Сын молчал, послушный во всем. Его удивило и встревожило поведение отца, выпитая водка, их неожиданный приход в это глухое место, пользовавшееся у хуторян дурной славой.
— Наперед скажу об том моменте, когда имел я свое хозяйство, дом с низами и тягло, — продолжал Евдоким Семеныч вполголоса. — Донцы при мирном режиме в большой состояли знатности, сами его величество император не гнушались у казаков своей охраны лейб-гвардии полка сынов крестить. Иде непорядки — мы были верной надёжей и опорой престола. А ты знаешь, кто такой раньше представлялся царь? По-ма-зан-ник бо-жий! Во! Непростой человек. Я, родитель твой, с германской войны вернулся с лычками урядника. Чин имел. Работника держал на дворе, кажное лето с ильина дня нанимал пришлых косцов из Расеи убирать пшеницу… Однако миновали теи золотые времена. Уже двадцать годов как лапотное мужичье заполонило вольный тихий Дон. Руки у них загребущие о шести пальцах, как вилы-бармарки, и зачали они всех стричь под одну машинку: колхозы ставить. Пришлось и мне отдать свой курень, худобу, инвентарь, потому имел я весточку через знакомца-булгактера в рике: Стеблов зарился силком забрать да еще лишить права голоса, как упорного белопогонника. Видал, как хряков приспособляют? Вот так будто и мне на рыло прицепили кольцо с проволоки: копырнуть огород-то и болезненно. Хожу, в землю гляжу, хохлу-бригадиру бью поклоны…
Евдоким Семеныч закашлялся, точно кто его схватил за горло. Ипат слушал, высоко подняв редкие брови: за все девятнадцать лет жизни впервые отец заговорил с ним откровенно, как со взрослым, и, может, потому сын не понимал его. К чему это завел батя? Куда он гнет? Зачем привел его к ночи в балку?
— В революцию, весной восемнадцатого года, мы, лучшая часть казачества, — вновь полез ему в уши хрипловатый голос отца, — сняли со стен шашки, выкопали из земли пулеметы, что привезли из-под Карпат, с Ерзерума, и грудью встали за родной край, за стародавние дедовские обычаи. И все эти последние лета ждал я: вот-вот опять подымутся хутора, станицы, а какая ни то… германская или иная держава… генералы, их превосходительство Краснов, Шкуро приведут полки казаков-емигрантов с заграницы, допомогут очистить Дон, и снова посадим мы в Новочеркасске наказного атамана, отберем свое хозяйство. Но приняли казаки согласие работать в колхозах, продались за ухнали[3]

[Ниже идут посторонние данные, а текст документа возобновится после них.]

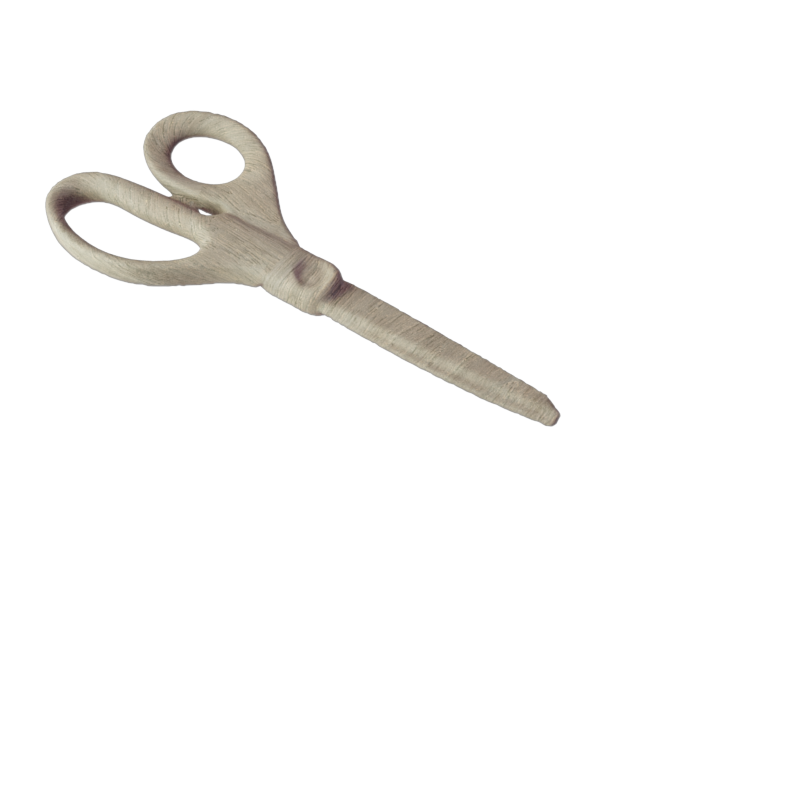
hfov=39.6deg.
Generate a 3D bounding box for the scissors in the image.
[{"bbox_3d":[-0.032,-0.058,0.409,0.207,0.101,0.015,16,-37,12],"label":"scissors"}]
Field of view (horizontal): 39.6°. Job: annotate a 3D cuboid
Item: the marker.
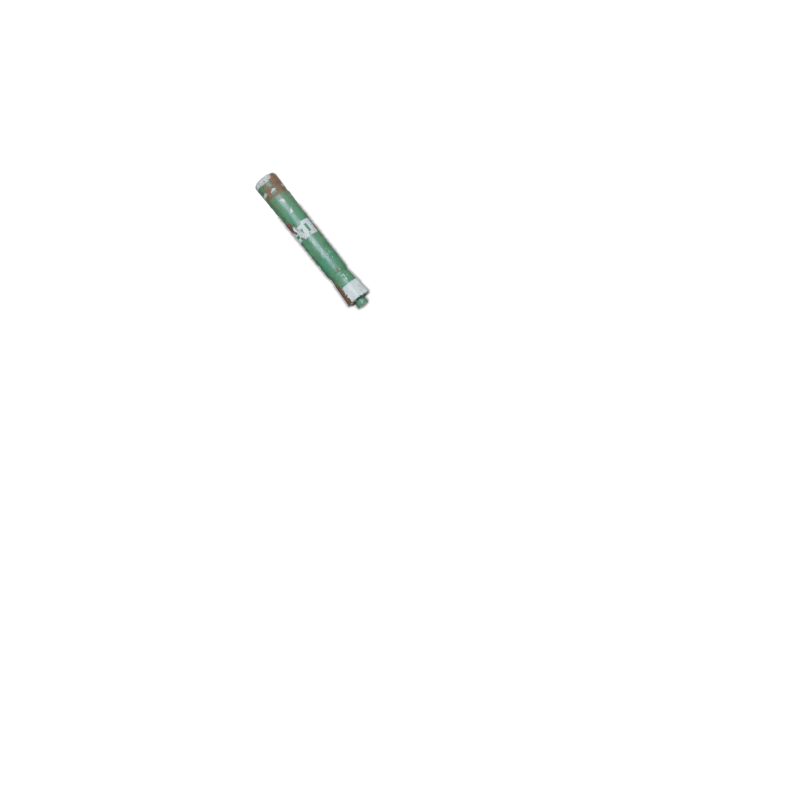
[{"bbox_3d":[-0.063,-0.116,0.810,0.020,0.126,0.019,-35,-15,-11],"label":"marker"}]
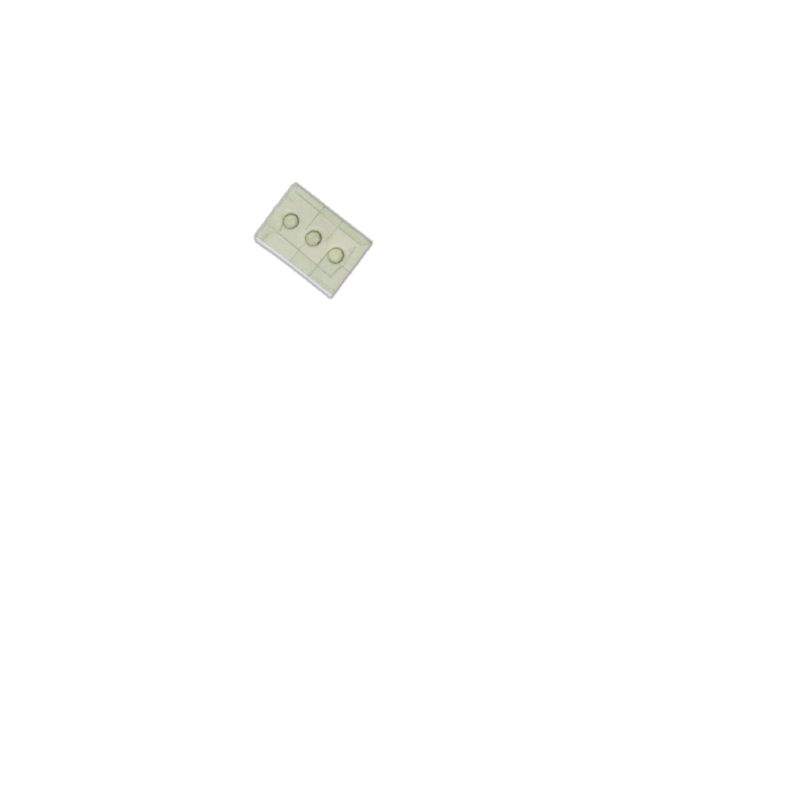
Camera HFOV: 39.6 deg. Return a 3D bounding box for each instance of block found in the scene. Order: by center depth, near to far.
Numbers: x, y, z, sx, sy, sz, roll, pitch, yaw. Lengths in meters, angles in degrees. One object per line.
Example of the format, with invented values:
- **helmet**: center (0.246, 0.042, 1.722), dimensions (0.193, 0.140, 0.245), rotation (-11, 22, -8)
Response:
- **block**: center (-0.068, -0.124, 0.870), dimensions (0.079, 0.053, 0.051), rotation (37, -4, 2)
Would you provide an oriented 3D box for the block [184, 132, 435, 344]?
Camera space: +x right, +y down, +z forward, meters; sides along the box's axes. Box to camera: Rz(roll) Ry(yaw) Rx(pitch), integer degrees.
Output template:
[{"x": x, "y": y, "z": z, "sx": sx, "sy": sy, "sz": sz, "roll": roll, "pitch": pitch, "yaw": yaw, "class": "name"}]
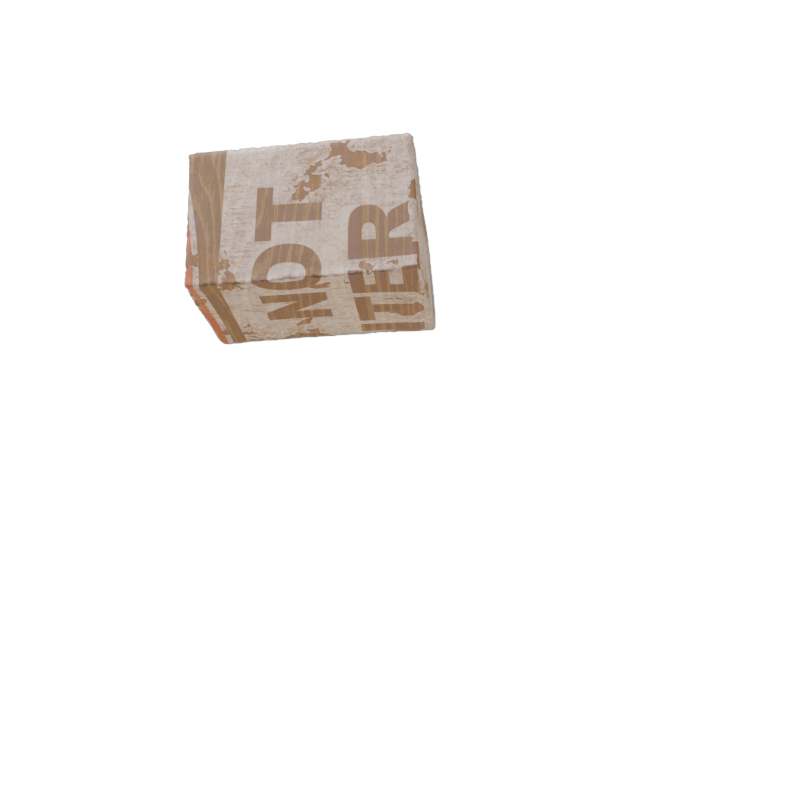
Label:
[{"x": -0.030, "y": -0.054, "z": 0.378, "sx": 0.079, "sy": 0.054, "sz": 0.049, "roll": -3, "pitch": -23, "yaw": 7, "class": "block"}]
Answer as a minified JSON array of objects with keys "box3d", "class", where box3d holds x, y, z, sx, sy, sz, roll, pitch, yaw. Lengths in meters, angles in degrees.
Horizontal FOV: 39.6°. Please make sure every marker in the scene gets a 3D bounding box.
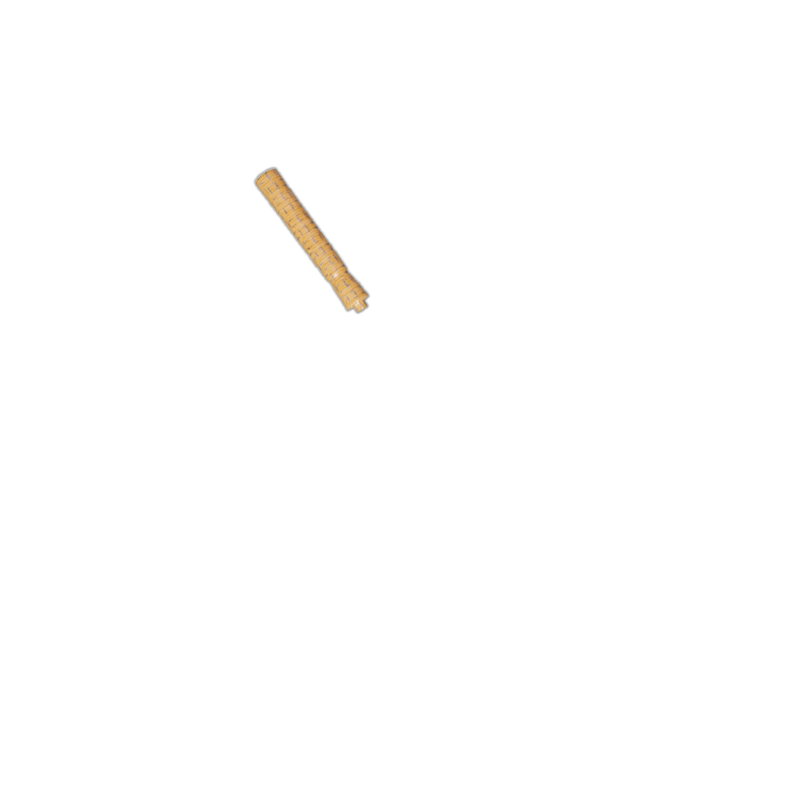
[{"box3d":[-0.062,-0.112,0.787,0.020,0.125,0.019,-34,-12,-8],"class":"marker"}]

да отрез ситца, а теперь и в Верховный Совет взошли депутатами — выродился народ. Видно, не дождаться мне своего солнышка над родным степом, а это больно красное: не греет. — В голосе старика послышалась скупая, злая слеза. Ну, уж если зафлажили нас, как бирюков, то не одного своего партейца цека недосчитается.Евдоким Семеныч вдруг опять прислушался. Шуршал на бугре прошлогодний бурьян, да в балке терлись одна о другую голые ветки дубняка. Потом легкий порыв ветерка донес с дороги невнятный топот копыт. Топот затих, но его успел уловить и Ипат; сердце молодого казака тяжело забилось от предчувствия какой-то беды. Его испугал вид отца: тот торопливо рвал крючки полушубка, распахнул и вынул из-под мышки подвязанный бечевкой к шее обрез винтовки.
— Семнадцать годов на базу в яме пролежал, — бормотал он. — Берег пуще клада. Поржавел трошки, да я маслом сдобрил, работает, как только с завода.
Проверяя, он умело раза два щелкнул затвором, протянул обрез сыну.
— Держи. У тебя глаз помоложе, рука крепче. Стеблов это возвертается в станицу. Бей, грех на мою голову. В Колыму хотел меня упечь, аспид-разоритель!
— Погоди, батя, не пойму я…
— Бери, говорю!
— Да… как же так? — с трудом произнес Ипат и попятился к терновнику.
Старик Кудимов силой вложил оружие в его руки.